David Wojnarowicz — Rimbaud in New York, 1978-79

Популярная механика снова в действии: три дня и три ночи сменились тремя десятилетиями, вагон покрывается новыми граффити, а кенарь Рембо-Войнаровича всё так же неисторжим из чрева нью-йоркской подземки: недостаточно глубоко раздражает, не доходит до альвеол, молитвы его не царапают перекрестья. Покрытая пунктиром тотемная рыба скользит по внутренней Бьевре, которая выходит на поверхность у пирса 34, пульсирует всем своим слюдяным полотном, и вот на готовой излучине дня раздаётся приветствие придорожных сорных маков, их philtrum шире расселин – лицевых нервов гиганта с небесной проседью.

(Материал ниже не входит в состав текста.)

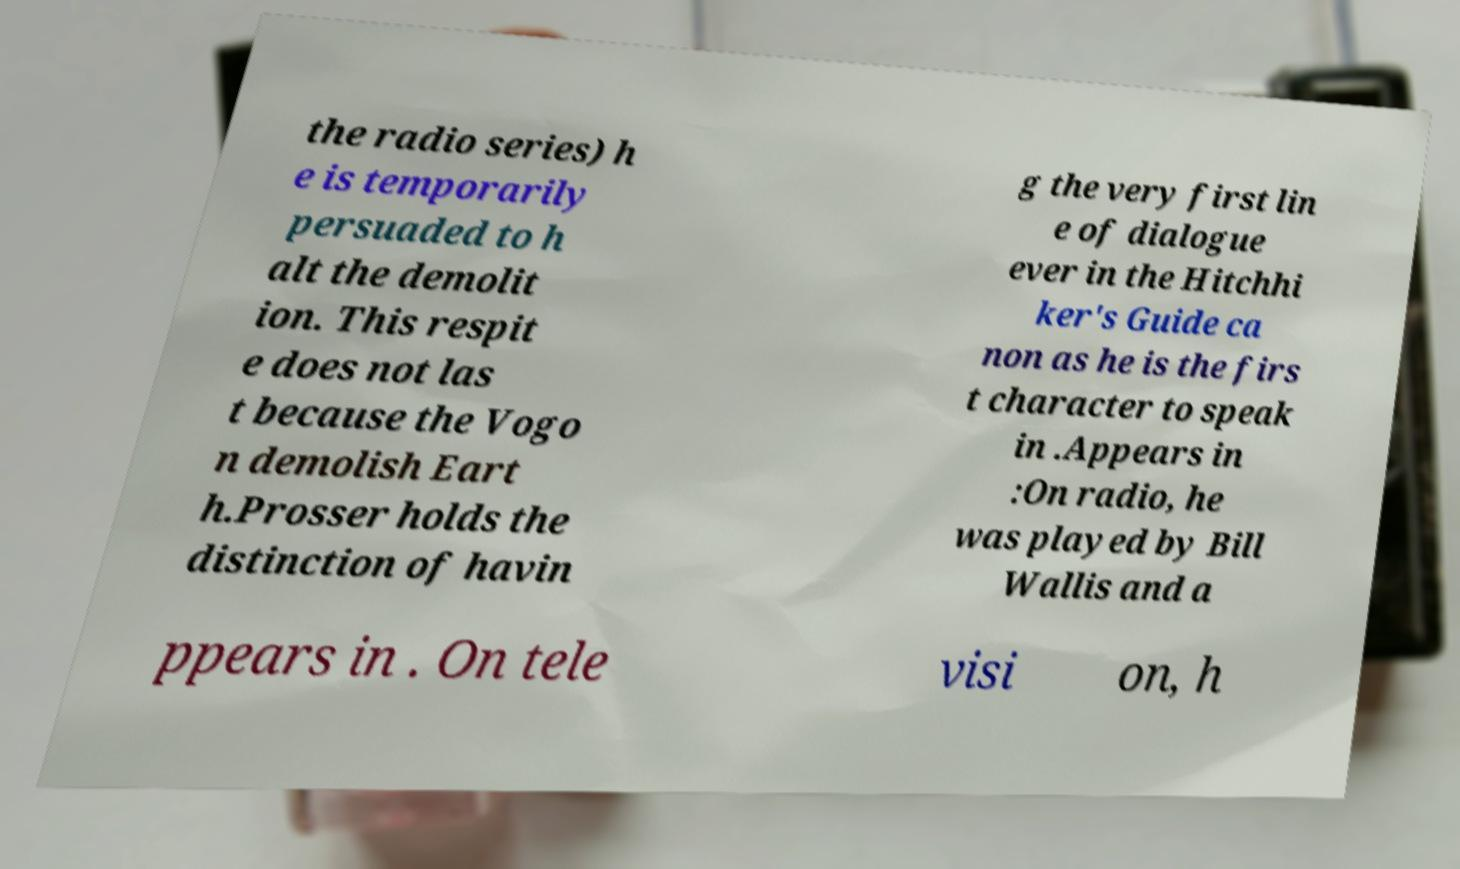For documentation purposes, I need the text within this image transcribed. Could you provide that? the radio series) h e is temporarily persuaded to h alt the demolit ion. This respit e does not las t because the Vogo n demolish Eart h.Prosser holds the distinction of havin g the very first lin e of dialogue ever in the Hitchhi ker's Guide ca non as he is the firs t character to speak in .Appears in :On radio, he was played by Bill Wallis and a ppears in . On tele visi on, h

Изредка, изредка вдали проплывет такой же любитель одиноких путешествий.  

Издалека, от самого входа на блошиный рынок Сент-Уан открывается перспектива на буквы пролегомен третьего манифеста на стене дома – они приглашают провести время в двадцатом веке и провозглашают многообразие мира будущим музеем. День всегда располагает к этому, погожий и немного прохладный, как первый день целлулоидной мекасовской весны. В этой ложбине вместо одиночных сиреневых цветов – подшивки журнала «Planète», а все здешние вещи грезят лишь о том, чтобы стать тотемом. Сообщают, что здесь не раз видели чертёж зиутры из гофрокартона и дубликат статистического сердцеобразного полуцилиндра, который совершал круизы под именем «Natorum Linea» на борту, но самый отчётливый прилив вызывает вещь, чьё назначение не сразу понятно, но затем – затем можно лишь отдёрнуть, одёрнуть, припустить и, небрежно заснув, ожидать того, как она будет кружить по комнате мраморными мухами-головами и настигнет своей мокрой пятернёй в четыре часа утра.

Ralph Goings — Quartet, 2006

Кафе «ИП Ральф Гоингз», в котором всегда пустует место для тех, кто занимался решением вопросов прямохождения ночного города, спеша по разлитым бульварам. Его подтёки напоминают о том, что космос значит «порядок» – им обладают, например, шахматные фигуры. В соседних ячейках за столиками сидят старики, они вздыхают, сопят и скрипят стульями с тем же звуком, что и катящийся ком земли, от которого на ходу отделяются мхи (лица) и коренья (имена). Сонный колобок на столе становится идолом Кракоттой и приходит в положение сухаря. Наконец перо в своём полёте сравнивается с камешком, и тот, кто лучше всех описывал тихие пространства, заставленные вещами, сейчас сам делает антиномическое усилие: стать и не стать экспонатом.

***

Чарльз Симик.Алхимия грошового магазина(New York Review of Books, 1992/ Издательство Яромира Хладика2019)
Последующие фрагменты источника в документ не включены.